I saw a point of view before, and I thought it was quite interesting. If you are an only child, you may not feel it when you are a child, because most of the classmates around you are only children. But when you grow up, you will find that the form of the only child is actually very unnatural in human society.
Look at your parents and grandparents, they all have many siblings, but you are the only one. Looking at foreign countries, many countries have siblings, and it is rare for an only child to be an only child.
In Japan, for example, anyone who has watched Japanese anime knows that it is common to have siblings in the family. The male protagonist usually has a younger sister or older sister, or has a younger brother with a large age gap. There are also often sibling or sibling relationships between classmates. It can be said that non-only child is the norm in human society, and only child is the abnormal state.
This state of affairs has also led to differences in people's attitudes towards epidemic prevention. Single-child families will definitely take epidemic prevention seriously, because there is only one child. In countries like Japan, where a family has several children, they may not pay much attention to epidemic prevention, because even if one child dies, it will not be broken. This concept is subconscious, not that everyone will think "I have several children, it doesn't matter if one dies", but because they have many children, they will not be too entangled in the issue of inheritance, and they will naturally be less vigilant in this regard.

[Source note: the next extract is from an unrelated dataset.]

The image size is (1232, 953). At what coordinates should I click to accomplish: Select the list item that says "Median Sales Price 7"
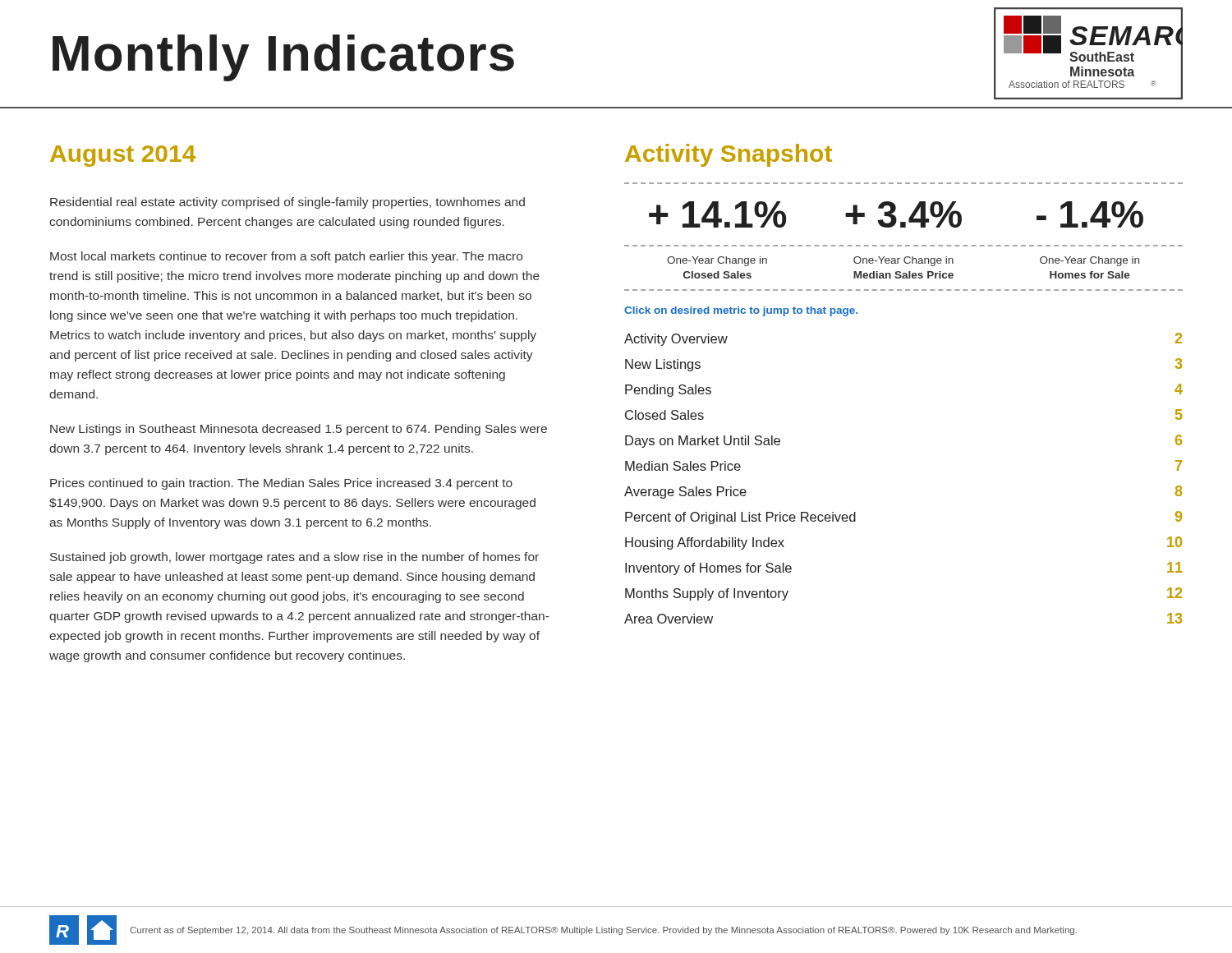685,466

In general, the generation of only children has lived a different life since childhood, and their upbringing and family environment are different from those before and abroad. According to a certain author, they are taught from an early age how to be a "captain", that is, how to cope independently with various problems in life. At home, they have to face everything alone, with no siblings to share responsibilities with. They have always played the role of captain, taking the helm and dealing with various problems.
When these only children enter the school, their relationship with their classmates can easily become like a separate "captain". Because everyone is an only child, they are Xi to dealing with problems independently, and rarely think of division of labor or helping each other. It's rare to think that you can be someone else's "first mate" to help someone else complete a task.

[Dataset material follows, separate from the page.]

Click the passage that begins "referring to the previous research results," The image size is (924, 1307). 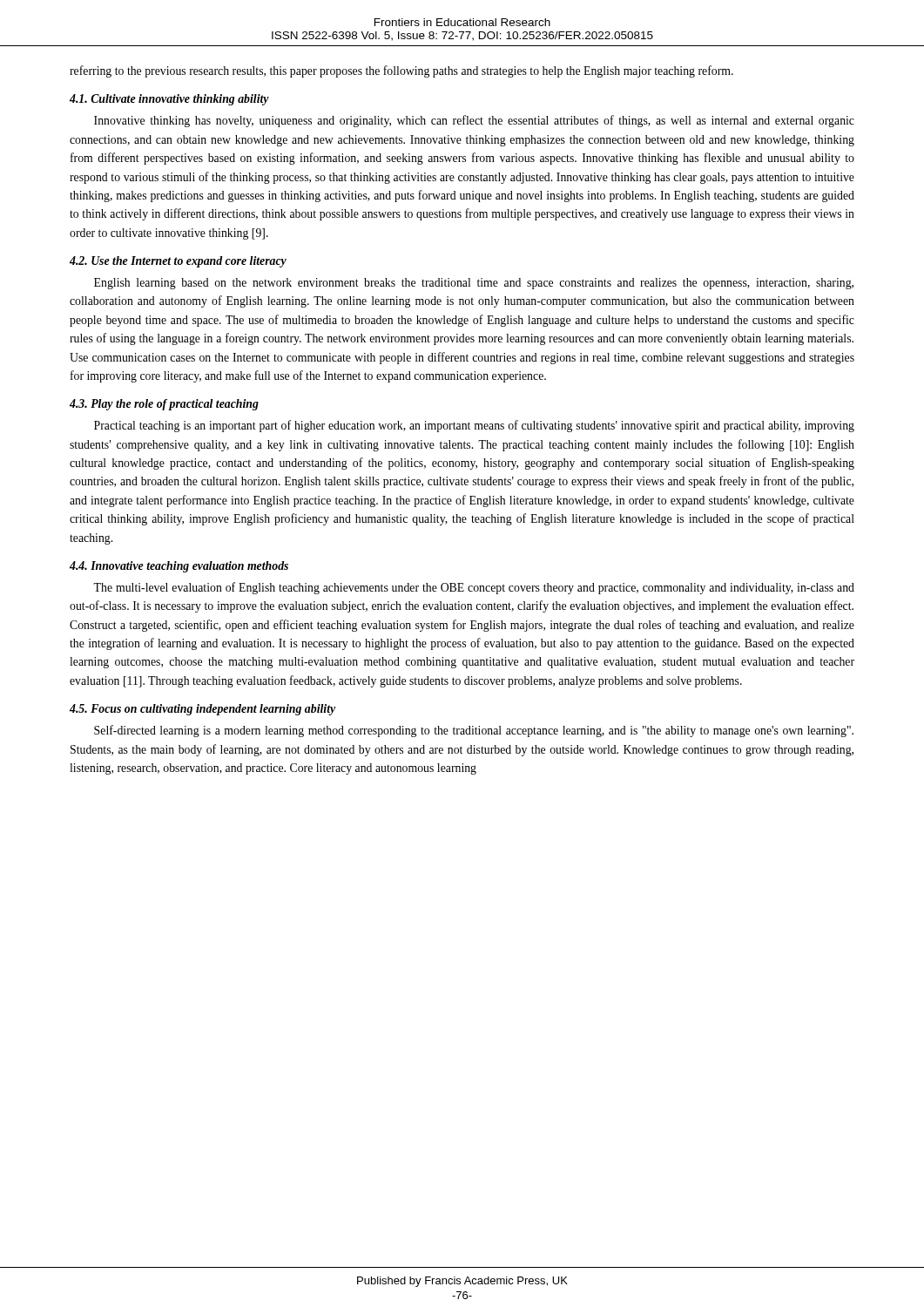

Of course, the school will also cultivate students' ability to divide labor and cooperate. However, learning to work together Xi is different from getting along with siblings from a young age, Xi being accustomed to division of labor and cooperation. The former is an acquired cooperation skill, while the latter is a life Xi attitude. Just as your Xi to reading and your ability to read are two different concepts.
The word "deprived" is really not quite accurate. The lifestyle of an only child is not deprived of anything, it just has its own unique characteristics and challenges. Just as we cannot assume that a person is deprived of his liberty just because he has learned self-discipline, we cannot assume that an only child is deprived of anything just because he needs to deal with life's problems independently.
Of course, the only child's lifestyle does lack some opportunities to develop collaborative skills. But that doesn't mean they lose this ability entirely, just that it may take more time and effort to develop.
In conclusion, the lifestyle of an only child is not deprived of anything, it just has its own unique characteristics and challenges. We can't simply blame all the "bad side" on "being deprived."